Brazilian writer (born 1946)

Maria da Conceição Evaristo de Brito (/ˌkɒnseɪˈsaʊn/ kon-say-SOWN; /pt/; born 29 November 1946) is a Brazilian writer. Her work is marked by her life experiences as an Afro-Brazilian woman, which she calls escrevivência — a portmanteau of escrita (writing) and vivência (life experience). She was born into a humble family and is the second oldest of nine siblings, being the first in her household to earn a university degree. She helped her mother and aunt with washing clothes and deliveries, while studying.

In the 1970s, she moved to Rio de Janeiro, where she passed a contest, starting to write only in the 1990s. She completed her master's degree in the mid-1990s and her doctorate in the early 2010s.

She is a first cousin of Macaé Evaristo, the current Minister of Human Rights and Citizenship under the Lula government.

== Biography ==
Conceição was born in a favela in the southern area of Belo Horizonte, to a very poor family with nine brothers and her mother.

She had to work as a domestic servant during her youth until she finished her normal course in 1971, at the age of 25. She moved to Rio de Janeiro, where she was approved on a civil service exam to be a teacher and studied Letters at Federal University of Rio de Janeiro. In the 1980s, Evaristo got in touch with the Quilombhoje group. She made her debut in literature in 1990, with works published in the series Cadernos Negros, published by the organization.

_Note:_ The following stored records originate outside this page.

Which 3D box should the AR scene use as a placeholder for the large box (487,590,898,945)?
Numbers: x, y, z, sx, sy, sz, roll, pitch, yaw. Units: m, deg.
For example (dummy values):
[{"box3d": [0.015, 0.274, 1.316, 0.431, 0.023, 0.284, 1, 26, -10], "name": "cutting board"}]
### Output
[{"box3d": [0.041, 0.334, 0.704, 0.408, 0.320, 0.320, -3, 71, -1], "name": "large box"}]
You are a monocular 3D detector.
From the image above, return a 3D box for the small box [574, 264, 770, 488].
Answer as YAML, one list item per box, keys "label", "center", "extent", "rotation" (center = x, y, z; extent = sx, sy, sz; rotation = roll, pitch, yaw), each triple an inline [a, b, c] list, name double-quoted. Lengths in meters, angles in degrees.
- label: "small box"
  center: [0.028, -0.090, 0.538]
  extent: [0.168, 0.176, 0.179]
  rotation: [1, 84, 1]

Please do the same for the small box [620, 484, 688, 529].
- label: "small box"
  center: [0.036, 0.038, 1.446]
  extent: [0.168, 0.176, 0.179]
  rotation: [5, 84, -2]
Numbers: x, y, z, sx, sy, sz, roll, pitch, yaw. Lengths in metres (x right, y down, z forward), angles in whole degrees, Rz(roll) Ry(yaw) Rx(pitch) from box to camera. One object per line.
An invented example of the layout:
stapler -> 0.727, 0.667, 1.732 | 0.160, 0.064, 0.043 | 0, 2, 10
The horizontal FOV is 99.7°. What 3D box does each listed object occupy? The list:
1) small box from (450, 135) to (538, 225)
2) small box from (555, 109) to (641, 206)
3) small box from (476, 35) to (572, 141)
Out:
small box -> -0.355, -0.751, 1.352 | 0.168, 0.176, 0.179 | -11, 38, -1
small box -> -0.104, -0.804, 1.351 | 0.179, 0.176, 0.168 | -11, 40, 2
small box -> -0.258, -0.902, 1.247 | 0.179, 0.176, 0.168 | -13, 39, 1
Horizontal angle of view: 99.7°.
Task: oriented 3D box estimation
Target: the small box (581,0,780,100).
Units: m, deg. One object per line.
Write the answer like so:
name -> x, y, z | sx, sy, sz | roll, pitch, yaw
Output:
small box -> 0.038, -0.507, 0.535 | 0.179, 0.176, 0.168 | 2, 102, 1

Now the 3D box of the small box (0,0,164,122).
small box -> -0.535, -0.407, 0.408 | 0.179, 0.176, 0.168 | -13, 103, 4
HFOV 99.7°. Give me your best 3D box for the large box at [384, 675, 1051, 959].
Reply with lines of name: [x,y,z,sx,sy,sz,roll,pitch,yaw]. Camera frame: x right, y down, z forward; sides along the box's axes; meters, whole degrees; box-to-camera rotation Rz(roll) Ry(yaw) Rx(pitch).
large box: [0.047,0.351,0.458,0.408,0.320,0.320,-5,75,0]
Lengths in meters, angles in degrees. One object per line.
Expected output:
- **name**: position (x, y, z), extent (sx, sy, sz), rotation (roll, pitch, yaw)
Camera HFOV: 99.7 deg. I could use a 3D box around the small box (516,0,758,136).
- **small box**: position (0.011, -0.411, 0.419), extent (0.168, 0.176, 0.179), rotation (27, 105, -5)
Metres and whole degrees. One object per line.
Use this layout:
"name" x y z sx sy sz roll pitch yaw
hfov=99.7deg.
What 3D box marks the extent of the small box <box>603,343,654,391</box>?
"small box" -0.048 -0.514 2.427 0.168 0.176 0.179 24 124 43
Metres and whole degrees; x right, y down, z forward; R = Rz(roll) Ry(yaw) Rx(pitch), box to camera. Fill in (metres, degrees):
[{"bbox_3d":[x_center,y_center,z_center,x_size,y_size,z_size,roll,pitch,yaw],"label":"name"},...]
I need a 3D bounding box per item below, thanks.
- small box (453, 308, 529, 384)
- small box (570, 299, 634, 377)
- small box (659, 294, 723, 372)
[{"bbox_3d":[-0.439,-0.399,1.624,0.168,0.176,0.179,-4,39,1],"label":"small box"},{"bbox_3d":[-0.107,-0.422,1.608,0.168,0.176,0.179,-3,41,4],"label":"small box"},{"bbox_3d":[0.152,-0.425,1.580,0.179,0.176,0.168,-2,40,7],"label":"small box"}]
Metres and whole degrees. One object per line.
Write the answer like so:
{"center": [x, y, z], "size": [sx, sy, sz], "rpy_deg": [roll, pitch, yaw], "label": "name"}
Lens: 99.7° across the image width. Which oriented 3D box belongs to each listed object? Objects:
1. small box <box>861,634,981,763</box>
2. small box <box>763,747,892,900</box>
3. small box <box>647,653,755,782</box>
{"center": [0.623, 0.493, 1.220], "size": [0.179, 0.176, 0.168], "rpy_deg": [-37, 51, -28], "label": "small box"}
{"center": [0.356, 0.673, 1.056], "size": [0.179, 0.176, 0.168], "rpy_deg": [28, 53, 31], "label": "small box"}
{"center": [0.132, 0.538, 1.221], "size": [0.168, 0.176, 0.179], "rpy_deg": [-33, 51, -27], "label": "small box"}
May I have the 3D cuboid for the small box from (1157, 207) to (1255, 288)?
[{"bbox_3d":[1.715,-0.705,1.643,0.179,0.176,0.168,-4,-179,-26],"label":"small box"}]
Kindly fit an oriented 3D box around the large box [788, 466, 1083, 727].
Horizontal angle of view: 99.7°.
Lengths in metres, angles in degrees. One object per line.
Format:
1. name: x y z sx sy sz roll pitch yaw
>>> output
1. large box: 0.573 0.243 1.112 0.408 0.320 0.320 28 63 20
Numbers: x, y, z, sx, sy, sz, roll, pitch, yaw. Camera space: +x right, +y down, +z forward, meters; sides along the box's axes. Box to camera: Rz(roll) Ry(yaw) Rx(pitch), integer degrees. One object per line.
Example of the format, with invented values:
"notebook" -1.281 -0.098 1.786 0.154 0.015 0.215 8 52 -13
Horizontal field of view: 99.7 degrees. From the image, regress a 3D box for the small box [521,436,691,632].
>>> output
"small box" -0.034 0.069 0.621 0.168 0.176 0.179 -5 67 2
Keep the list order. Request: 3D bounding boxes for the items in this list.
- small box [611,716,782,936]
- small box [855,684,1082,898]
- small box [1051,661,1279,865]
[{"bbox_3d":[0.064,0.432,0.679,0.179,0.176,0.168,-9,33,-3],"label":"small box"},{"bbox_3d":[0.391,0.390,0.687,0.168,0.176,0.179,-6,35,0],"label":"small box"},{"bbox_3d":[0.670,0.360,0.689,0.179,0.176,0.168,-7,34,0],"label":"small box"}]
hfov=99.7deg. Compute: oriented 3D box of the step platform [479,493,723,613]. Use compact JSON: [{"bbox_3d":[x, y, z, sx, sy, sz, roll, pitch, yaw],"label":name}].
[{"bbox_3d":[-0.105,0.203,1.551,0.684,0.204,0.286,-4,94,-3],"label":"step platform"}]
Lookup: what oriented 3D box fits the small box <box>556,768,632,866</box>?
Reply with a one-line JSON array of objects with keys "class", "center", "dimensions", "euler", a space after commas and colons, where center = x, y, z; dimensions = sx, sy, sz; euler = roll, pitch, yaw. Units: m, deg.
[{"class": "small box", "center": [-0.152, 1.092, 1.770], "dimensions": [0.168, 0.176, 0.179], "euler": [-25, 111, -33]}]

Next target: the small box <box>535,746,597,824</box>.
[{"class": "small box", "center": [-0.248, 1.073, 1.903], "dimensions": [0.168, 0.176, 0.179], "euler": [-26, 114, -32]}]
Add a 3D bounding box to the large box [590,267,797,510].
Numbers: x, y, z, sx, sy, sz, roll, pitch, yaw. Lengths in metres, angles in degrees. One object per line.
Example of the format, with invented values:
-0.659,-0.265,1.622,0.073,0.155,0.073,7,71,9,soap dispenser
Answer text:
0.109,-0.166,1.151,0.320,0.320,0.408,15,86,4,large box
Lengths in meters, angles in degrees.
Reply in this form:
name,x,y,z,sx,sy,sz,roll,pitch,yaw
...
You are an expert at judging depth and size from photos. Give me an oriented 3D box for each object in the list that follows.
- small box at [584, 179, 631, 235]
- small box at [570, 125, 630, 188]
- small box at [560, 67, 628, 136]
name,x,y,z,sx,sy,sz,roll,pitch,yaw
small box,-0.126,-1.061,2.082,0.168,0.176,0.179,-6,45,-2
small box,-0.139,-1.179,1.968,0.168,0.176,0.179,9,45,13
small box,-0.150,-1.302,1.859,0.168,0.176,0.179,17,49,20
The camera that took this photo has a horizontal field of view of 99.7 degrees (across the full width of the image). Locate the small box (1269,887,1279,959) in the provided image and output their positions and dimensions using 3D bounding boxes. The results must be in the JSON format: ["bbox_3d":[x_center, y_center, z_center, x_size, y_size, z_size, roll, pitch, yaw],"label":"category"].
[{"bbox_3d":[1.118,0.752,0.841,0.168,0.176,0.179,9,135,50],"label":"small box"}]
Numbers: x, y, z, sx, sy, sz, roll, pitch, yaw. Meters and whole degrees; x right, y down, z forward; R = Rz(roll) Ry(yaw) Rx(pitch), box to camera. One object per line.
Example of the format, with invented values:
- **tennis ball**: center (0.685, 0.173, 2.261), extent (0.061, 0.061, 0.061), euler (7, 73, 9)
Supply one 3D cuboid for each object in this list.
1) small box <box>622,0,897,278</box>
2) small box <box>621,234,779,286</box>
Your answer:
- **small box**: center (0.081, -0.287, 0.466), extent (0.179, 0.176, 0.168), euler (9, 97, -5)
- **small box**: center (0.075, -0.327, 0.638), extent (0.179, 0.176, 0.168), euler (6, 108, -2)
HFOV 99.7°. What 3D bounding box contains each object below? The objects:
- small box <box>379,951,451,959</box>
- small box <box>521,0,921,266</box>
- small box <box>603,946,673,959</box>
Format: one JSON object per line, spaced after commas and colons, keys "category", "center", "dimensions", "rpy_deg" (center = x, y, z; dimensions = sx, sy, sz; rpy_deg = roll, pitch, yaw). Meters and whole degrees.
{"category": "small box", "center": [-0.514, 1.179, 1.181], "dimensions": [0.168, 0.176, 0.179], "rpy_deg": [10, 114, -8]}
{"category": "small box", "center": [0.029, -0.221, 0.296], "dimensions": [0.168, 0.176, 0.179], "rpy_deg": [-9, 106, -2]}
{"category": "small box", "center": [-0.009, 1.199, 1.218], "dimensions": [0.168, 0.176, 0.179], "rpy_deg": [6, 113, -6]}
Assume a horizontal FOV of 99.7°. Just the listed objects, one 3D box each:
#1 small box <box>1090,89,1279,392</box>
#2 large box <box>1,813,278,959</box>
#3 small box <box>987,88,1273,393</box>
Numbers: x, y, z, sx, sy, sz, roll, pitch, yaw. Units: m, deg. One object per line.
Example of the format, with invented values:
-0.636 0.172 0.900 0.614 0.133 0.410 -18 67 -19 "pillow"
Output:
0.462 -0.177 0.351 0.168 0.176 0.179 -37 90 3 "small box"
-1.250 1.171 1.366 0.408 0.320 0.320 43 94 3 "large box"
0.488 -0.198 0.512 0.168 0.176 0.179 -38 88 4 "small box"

She earned a master's degree in Brazilian Literature from PUC-Rio in 1996, and a PhD in Comparative Literature from Universidade Federal Fluminense in 2011. Her works, especially the novel Ponciá Vicêncio (2003), address themes such as racial, gender and class discrimination. In 2007, her first novel, Ponciá Vicêncio, became the focus of a Master's thesis in Brazil, the first one on the author. The novel was translated into English and published in the United States also in 2007. She currently teaches at UFMG as a visiting professor.

In 2018, she was nominated for a chair at the Brazilian Academy of Letters, and lost to filmmaker Cacá Diegues by 22 votes to 1. The Caribbean Philosophical Association awarded its 2018 Nicolás Guillén Lifetime Achievement Award to Conceição Evaristo.

She is a corresponding member of the Academia Espírito-santense de Letras, Vitória, Espírito Santo.

Conceição Evaristo is a great exponent of contemporary Brazilian literature. She writes about race, gender and class discrimination, especially of black women.

== Works ==

=== Novels ===
- Ponciá Vicêncio (2003)
- Becos da Memória (2006)
- Canção para Ninar Menino Grande (2022)

=== Poetry ===
- Poemas da recordação e outros movimentos (2008)

=== Short stories ===
- Insubmissas lágrimas de mulheres (Nandyala, 2011)
- Olhos d'água (Pallas, 2014)
- Histórias de leves enganos e parecenças (Editora Malê, 2016)

=== Participation in anthologies ===
- Cadernos Negros (Quilombhoje, 1990)
- Contos Afros (Quilombhoje)
- Contos do mar sem fim (Editora Pallas)
- Questão de Pele (Língua Geral)
- Schwarze prosa (Germany, 1993)
- Moving beyond boundaries: international dimension of black women's writing (1995)
- Women righting – Afro-brazilian Women's Short Fiction (England, 2005)
- Finally Us: contemporary black brazilian women writers (1995)
- Callaloo, vols. 18 e 30 (1995, 2008)
- Fourteen female voices from Brazil (USA, 2002)
- Chimurenga People (South Africa, 2007)
- Brasil-África
- Je suis Rio (Anacaona, 2016)

== Awards ==
In 2019 - Prêmio Jabuti – Shortlisted for Best Short Story with Olhos D'água.

In 2025, Conceição was awarded Doutora Honoris Causa by the Universidade Federal de Minas Gerais.

In 2026, Conceição was awarded Doutora Honoris Causa by the Universidade Federal do Rio de Janeiro.